Belarus: Why was Protestant bishop deported?

The Ukrainian founder of one of the largest charismatic churches in the Belarusian capital Minsk was deported on 16 October due to his religious activity, he has suggested to Forum 18 News Service. If so, Veniamin Brukh – a bishop in the Full Gospel Church – will be the 22nd foreigner barred from Belarus for religious activity since 2004. Previous cases have involved both Protestants and Catholics. Under the restrictive Religion Law, foreigners require special state permission – on top of a valid entry visa – to perform a leading role in a religious community. Only registered religious umbrella associations have the right to invite foreigners to conduct religious activity. Even if the state's highest religious affairs official decides that religious work by a foreigner is necessary, stringent controls still apply to that person's activities. Asked for the reasons for Bishop Brukh's deportation, a KGB secret police spokesman told Forum 18 that "The person who is supposed to know knows. I'm not supposed to know." The KGB closely monitors religious communities' activity.

 

 

24 October 2008

Russia: Police search publisher of controversially banned Islamic book

The Moscow-based publisher of "The Personality of a Muslim" by Arab theologian Muhammad ali Al-Hashimi, placed in December 2007 on the list of banned extremist literature, is now facing criminal prosecution. Aslambek Ezhayev told Forum 18 News Service the Economic Crimes Police searched the publishing department offices at Moscow's Islamic University for six hours on 8 October. "But it was clear from the beginning that they weren't really looking for anything financial." Computers and books were seized. The accounts were then deemed in order, but the materials passed to the Prosecutor's Office for the criminal case. The Prosecutor's Office refused to talk to Forum 18. Ezhayev complains of the way books are put on the banned list by local courts without the possibility of challenging their verdicts: "a book can't defend itself". Andrei Sebentsov, vice-chair of the government's Commission for Issues Concerning Religious Associations, told Forum 18 federal officials cannot act: "The executive cannot interfere with the judiciary." Fighting two separate attempts to ban their literature, the Jehovah's Witnesses are among the latest targets of the widening religious extremism allegationsg.

 

 

23 October 2008

Uzbekistan: Seven Protestants in self-financed detention, imam sentenced

Seven members of a Tashkent-based Pentecostal church are due to complete 15-day prison sentences on 25 October, imposed to punish them for attending a prayer gathering in a private home, Protestants told Forum 18 News Service. The seven have to pay for their own detention. Five other church members were fined. The judge refused to tell Forum 18 why the twelve had been punished for peaceful religious activity and why she had ordered Bibles and other Christian literature confiscated from them to be destroyed.

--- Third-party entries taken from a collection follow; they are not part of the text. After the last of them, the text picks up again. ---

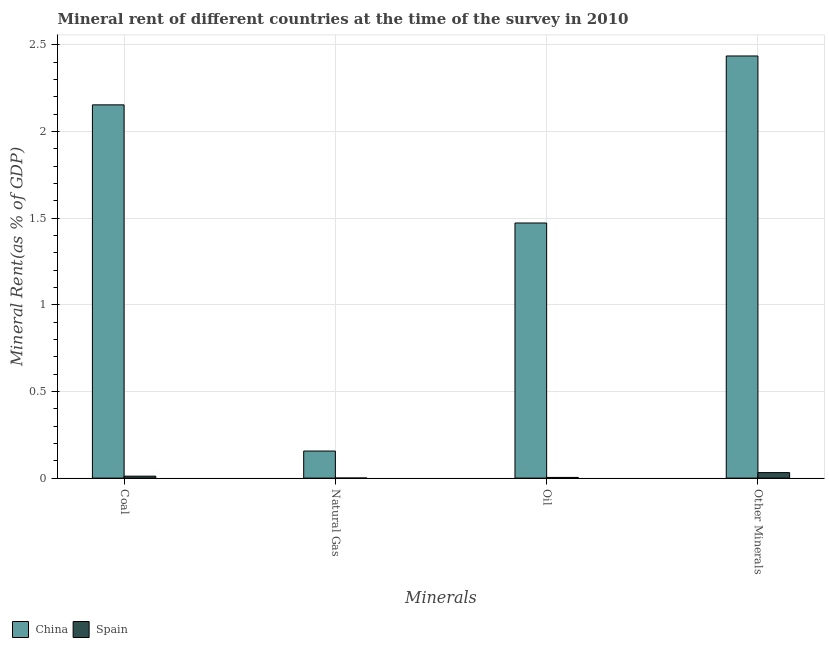How many groups of bars are there?
Ensure brevity in your answer.  4. Are the number of bars on each tick of the X-axis equal?
Make the answer very short. Yes. How many bars are there on the 3rd tick from the right?
Offer a very short reply. 2. What is the label of the 1st group of bars from the left?
Your answer should be compact. Coal. What is the oil rent in Spain?
Give a very brief answer. 0. Across all countries, what is the maximum  rent of other minerals?
Make the answer very short. 2.44. Across all countries, what is the minimum oil rent?
Provide a short and direct response. 0. In which country was the coal rent maximum?
Give a very brief answer. China. What is the total coal rent in the graph?
Offer a terse response. 2.16. What is the difference between the oil rent in Spain and that in China?
Your answer should be compact. -1.47. What is the difference between the coal rent in China and the  rent of other minerals in Spain?
Give a very brief answer. 2.12. What is the average coal rent per country?
Ensure brevity in your answer.  1.08. What is the difference between the coal rent and oil rent in Spain?
Provide a short and direct response. 0.01. In how many countries, is the coal rent greater than 0.30000000000000004 %?
Offer a terse response. 1. What is the ratio of the  rent of other minerals in China to that in Spain?
Your response must be concise. 76.67. What is the difference between the highest and the second highest oil rent?
Provide a short and direct response. 1.47. What is the difference between the highest and the lowest oil rent?
Provide a succinct answer. 1.47. Is the sum of the oil rent in Spain and China greater than the maximum natural gas rent across all countries?
Provide a succinct answer. Yes. Is it the case that in every country, the sum of the  rent of other minerals and natural gas rent is greater than the sum of oil rent and coal rent?
Your response must be concise. No. Is it the case that in every country, the sum of the coal rent and natural gas rent is greater than the oil rent?
Your response must be concise. Yes. Are all the bars in the graph horizontal?
Provide a short and direct response. No. How many countries are there in the graph?
Give a very brief answer. 2. Does the graph contain grids?
Keep it short and to the point. Yes. How are the legend labels stacked?
Provide a succinct answer. Horizontal. What is the title of the graph?
Give a very brief answer. Mineral rent of different countries at the time of the survey in 2010. Does "Mauritania" appear as one of the legend labels in the graph?
Make the answer very short. No. What is the label or title of the X-axis?
Make the answer very short. Minerals. What is the label or title of the Y-axis?
Keep it short and to the point. Mineral Rent(as % of GDP). What is the Mineral Rent(as % of GDP) of China in Coal?
Keep it short and to the point. 2.15. What is the Mineral Rent(as % of GDP) of Spain in Coal?
Keep it short and to the point. 0.01. What is the Mineral Rent(as % of GDP) in China in Natural Gas?
Keep it short and to the point. 0.16. What is the Mineral Rent(as % of GDP) of Spain in Natural Gas?
Your response must be concise. 0. What is the Mineral Rent(as % of GDP) of China in Oil?
Provide a short and direct response. 1.47. What is the Mineral Rent(as % of GDP) of Spain in Oil?
Your response must be concise. 0. What is the Mineral Rent(as % of GDP) of China in Other Minerals?
Offer a terse response. 2.44. What is the Mineral Rent(as % of GDP) in Spain in Other Minerals?
Your answer should be compact. 0.03. Across all Minerals, what is the maximum Mineral Rent(as % of GDP) of China?
Provide a succinct answer. 2.44. Across all Minerals, what is the maximum Mineral Rent(as % of GDP) of Spain?
Give a very brief answer. 0.03. Across all Minerals, what is the minimum Mineral Rent(as % of GDP) in China?
Make the answer very short. 0.16. Across all Minerals, what is the minimum Mineral Rent(as % of GDP) in Spain?
Your answer should be compact. 0. What is the total Mineral Rent(as % of GDP) in China in the graph?
Provide a succinct answer. 6.22. What is the total Mineral Rent(as % of GDP) of Spain in the graph?
Ensure brevity in your answer.  0.05. What is the difference between the Mineral Rent(as % of GDP) in China in Coal and that in Natural Gas?
Your response must be concise. 2. What is the difference between the Mineral Rent(as % of GDP) in Spain in Coal and that in Natural Gas?
Provide a short and direct response. 0.01. What is the difference between the Mineral Rent(as % of GDP) in China in Coal and that in Oil?
Ensure brevity in your answer.  0.68. What is the difference between the Mineral Rent(as % of GDP) in Spain in Coal and that in Oil?
Provide a succinct answer. 0.01. What is the difference between the Mineral Rent(as % of GDP) in China in Coal and that in Other Minerals?
Offer a very short reply. -0.28. What is the difference between the Mineral Rent(as % of GDP) of Spain in Coal and that in Other Minerals?
Make the answer very short. -0.02. What is the difference between the Mineral Rent(as % of GDP) in China in Natural Gas and that in Oil?
Keep it short and to the point. -1.32. What is the difference between the Mineral Rent(as % of GDP) in Spain in Natural Gas and that in Oil?
Offer a very short reply. -0. What is the difference between the Mineral Rent(as % of GDP) of China in Natural Gas and that in Other Minerals?
Offer a terse response. -2.28. What is the difference between the Mineral Rent(as % of GDP) in Spain in Natural Gas and that in Other Minerals?
Provide a short and direct response. -0.03. What is the difference between the Mineral Rent(as % of GDP) in China in Oil and that in Other Minerals?
Provide a succinct answer. -0.96. What is the difference between the Mineral Rent(as % of GDP) in Spain in Oil and that in Other Minerals?
Make the answer very short. -0.03. What is the difference between the Mineral Rent(as % of GDP) in China in Coal and the Mineral Rent(as % of GDP) in Spain in Natural Gas?
Provide a short and direct response. 2.15. What is the difference between the Mineral Rent(as % of GDP) of China in Coal and the Mineral Rent(as % of GDP) of Spain in Oil?
Provide a succinct answer. 2.15. What is the difference between the Mineral Rent(as % of GDP) in China in Coal and the Mineral Rent(as % of GDP) in Spain in Other Minerals?
Provide a succinct answer. 2.12. What is the difference between the Mineral Rent(as % of GDP) in China in Natural Gas and the Mineral Rent(as % of GDP) in Spain in Oil?
Offer a terse response. 0.15. What is the difference between the Mineral Rent(as % of GDP) in China in Natural Gas and the Mineral Rent(as % of GDP) in Spain in Other Minerals?
Ensure brevity in your answer.  0.12. What is the difference between the Mineral Rent(as % of GDP) of China in Oil and the Mineral Rent(as % of GDP) of Spain in Other Minerals?
Offer a very short reply. 1.44. What is the average Mineral Rent(as % of GDP) in China per Minerals?
Provide a short and direct response. 1.55. What is the average Mineral Rent(as % of GDP) in Spain per Minerals?
Make the answer very short. 0.01. What is the difference between the Mineral Rent(as % of GDP) of China and Mineral Rent(as % of GDP) of Spain in Coal?
Provide a succinct answer. 2.14. What is the difference between the Mineral Rent(as % of GDP) in China and Mineral Rent(as % of GDP) in Spain in Natural Gas?
Your answer should be compact. 0.16. What is the difference between the Mineral Rent(as % of GDP) in China and Mineral Rent(as % of GDP) in Spain in Oil?
Provide a succinct answer. 1.47. What is the difference between the Mineral Rent(as % of GDP) of China and Mineral Rent(as % of GDP) of Spain in Other Minerals?
Provide a succinct answer. 2.4. What is the ratio of the Mineral Rent(as % of GDP) of China in Coal to that in Natural Gas?
Give a very brief answer. 13.78. What is the ratio of the Mineral Rent(as % of GDP) of Spain in Coal to that in Natural Gas?
Your answer should be compact. 24.78. What is the ratio of the Mineral Rent(as % of GDP) in China in Coal to that in Oil?
Your answer should be compact. 1.46. What is the ratio of the Mineral Rent(as % of GDP) of Spain in Coal to that in Oil?
Provide a short and direct response. 2.84. What is the ratio of the Mineral Rent(as % of GDP) in China in Coal to that in Other Minerals?
Offer a very short reply. 0.88. What is the ratio of the Mineral Rent(as % of GDP) in Spain in Coal to that in Other Minerals?
Your response must be concise. 0.35. What is the ratio of the Mineral Rent(as % of GDP) in China in Natural Gas to that in Oil?
Your answer should be compact. 0.11. What is the ratio of the Mineral Rent(as % of GDP) in Spain in Natural Gas to that in Oil?
Offer a terse response. 0.11. What is the ratio of the Mineral Rent(as % of GDP) of China in Natural Gas to that in Other Minerals?
Your response must be concise. 0.06. What is the ratio of the Mineral Rent(as % of GDP) in Spain in Natural Gas to that in Other Minerals?
Your answer should be very brief. 0.01. What is the ratio of the Mineral Rent(as % of GDP) of China in Oil to that in Other Minerals?
Offer a terse response. 0.6. What is the ratio of the Mineral Rent(as % of GDP) of Spain in Oil to that in Other Minerals?
Offer a very short reply. 0.12. What is the difference between the highest and the second highest Mineral Rent(as % of GDP) of China?
Offer a terse response. 0.28. What is the difference between the highest and the second highest Mineral Rent(as % of GDP) of Spain?
Provide a succinct answer. 0.02. What is the difference between the highest and the lowest Mineral Rent(as % of GDP) in China?
Keep it short and to the point. 2.28. What is the difference between the highest and the lowest Mineral Rent(as % of GDP) in Spain?
Your answer should be very brief. 0.03.

Meanwhile, the judge who sentenced Abdurakhmon-eshon, the imam of the Sulton Uways–bobo mosque in Beruni District of Karakalpakstan, for embezzlement refused to tell Forum 18 what punishment he had handed down. However, he said the imam is appealing to Karakalpakstan's Supreme Court. It remains unclear whether he and other arrested imams in Karakalpakstan are innocent or guilty of the accusations. No officials have been prepared to discuss the other reported arrests of Muslims.